Per conversation with @pawelbaran it could be helpful for new users into the BHoM to be able to select the Revit category they wish to pull by a dropdown instead of typing. I imagine this as an enum.

Not sure where best this would live though given that it is a UI specific category list, though it would be helpful in both Excel and Grasshopper pull from Revit workflows.

image

travispotterBH avatar Jul 13 '22 18:07 travispotterBH

This looks really good. 👍

Not sure where best this would live though

Would suggest this is indeed in a Revit_oM - but developed over in the Revit_Toolkit repo @travispotterBH - you can even transfer this issue over

image

al-fisher avatar Jul 14 '22 09:07 al-fisher

Yeah I support the idea, also a follow up from another discussion: adding two new properties to FilterByCategoryRequest:

  • bool Elements { get; set; } = true;
  • bool Types { get; set; } = false;

This would default to pull elements only (what users usually want), but would allow pulling types (only or combined with elements) as well.
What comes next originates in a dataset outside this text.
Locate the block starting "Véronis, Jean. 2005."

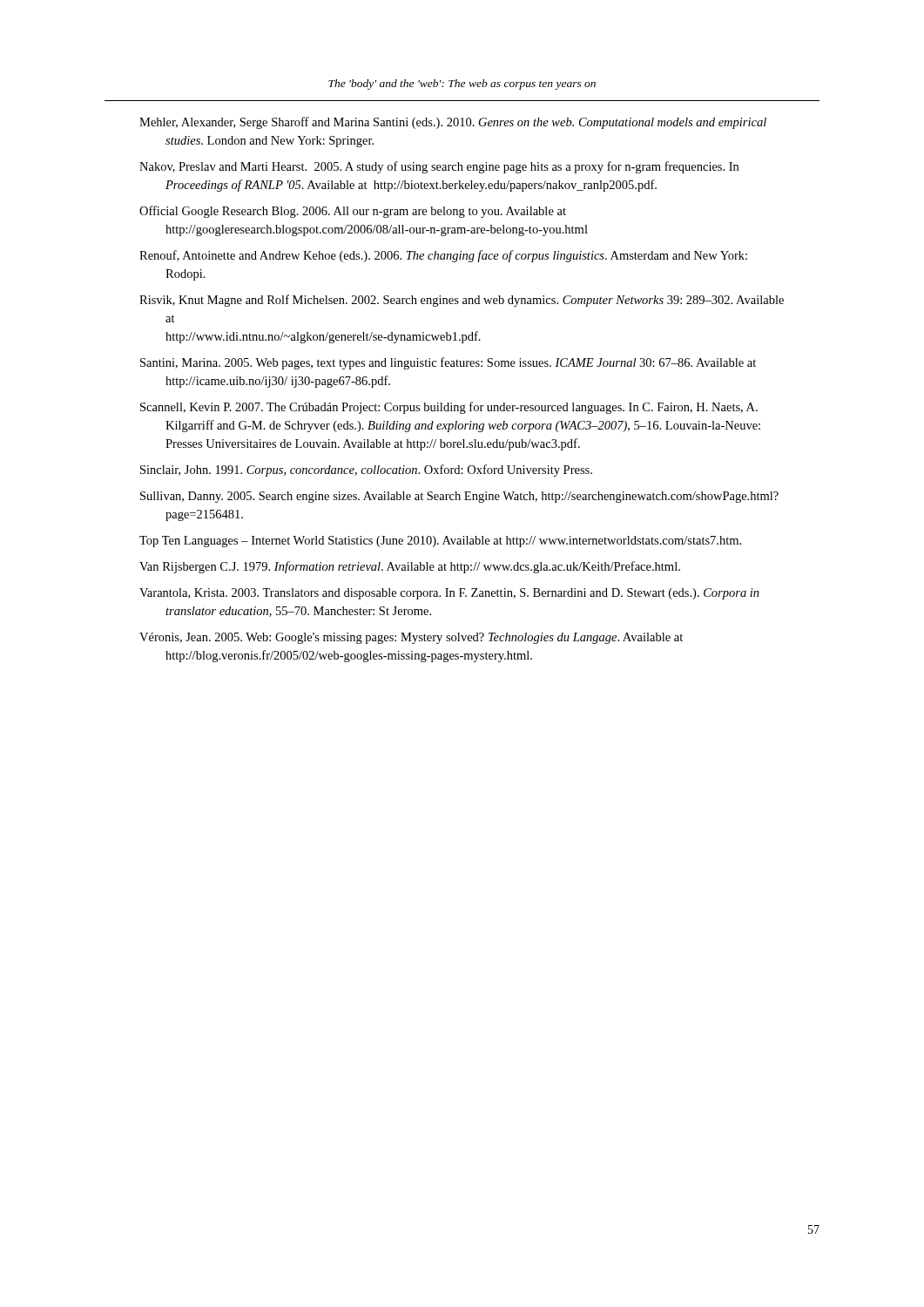coord(411,646)

pawelbaran avatar Jul 15 '22 09:07 pawelbaran

Related to https://github.com/BHoM/Revit_Toolkit/issues/644

pawelbaran avatar Jan 04 '23 17:01 pawelbaran

Oke, after a long investigation we have the following conclusions:

  • Revit category labels contain duplicates, which means we cannot fully depend on filtering by label - on the other hand, so far no relevant category with duplicate label has been identified (by relevant I mean the ones usually pulled by the users)
  • afaik we cannot represent enums as human readable text in the UI

So what I would suggest is adding the following enum to Revit_oM:

[UseDescriptionsAsLabels]
public enum Category
{
	[Description("Walls")]
	[DisplayText("Walls")]
	OST_Walls = -2000011,
	[Description("Floors")]
	[DisplayText("Floors")]
	OST_Floors = -2000032
}

...where UseDescriptionsAsLabels attribute would indicate that the description would be shown as the label of a dropdown item, DisplayText showing as value: image

Alternatively (possibly even neater):

public enum Category
{
	[DisplayText("Walls", true, true)]
	OST_Walls = -2000011,
	[DisplayText("Floors", true, true)]
	OST_Floors = -2000032
}

...where the bool parameters of DisplayTextAttribute would indicate whether it should be used as label of the dropdown item (what we need) or the output string (what it actually does).
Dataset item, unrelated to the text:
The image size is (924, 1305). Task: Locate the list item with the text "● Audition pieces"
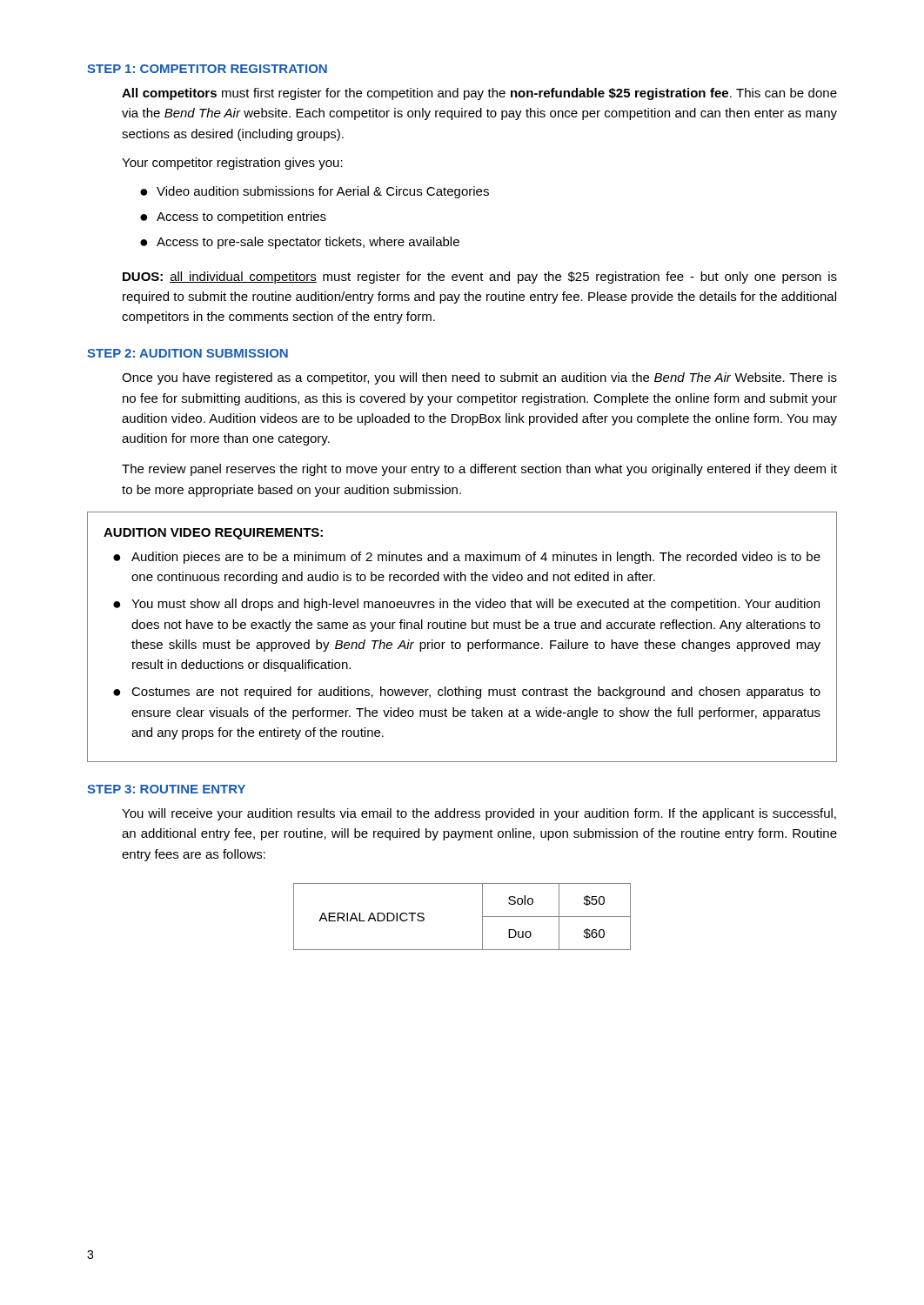point(466,566)

Once we have the above enum in place, the workflow is as follows:

  • in GH the user can use either a hand-typed string or the enum that gets converted to the relevant label string
  • the label string gets matched against the BH.oM.Revit.Category enum based on the DisplayTextAttribute
  • BH.oM.Revit.Category enum value gets matched against Autodesk.Revit.DB.BuiltInCategory based on the int representation (needs to always match)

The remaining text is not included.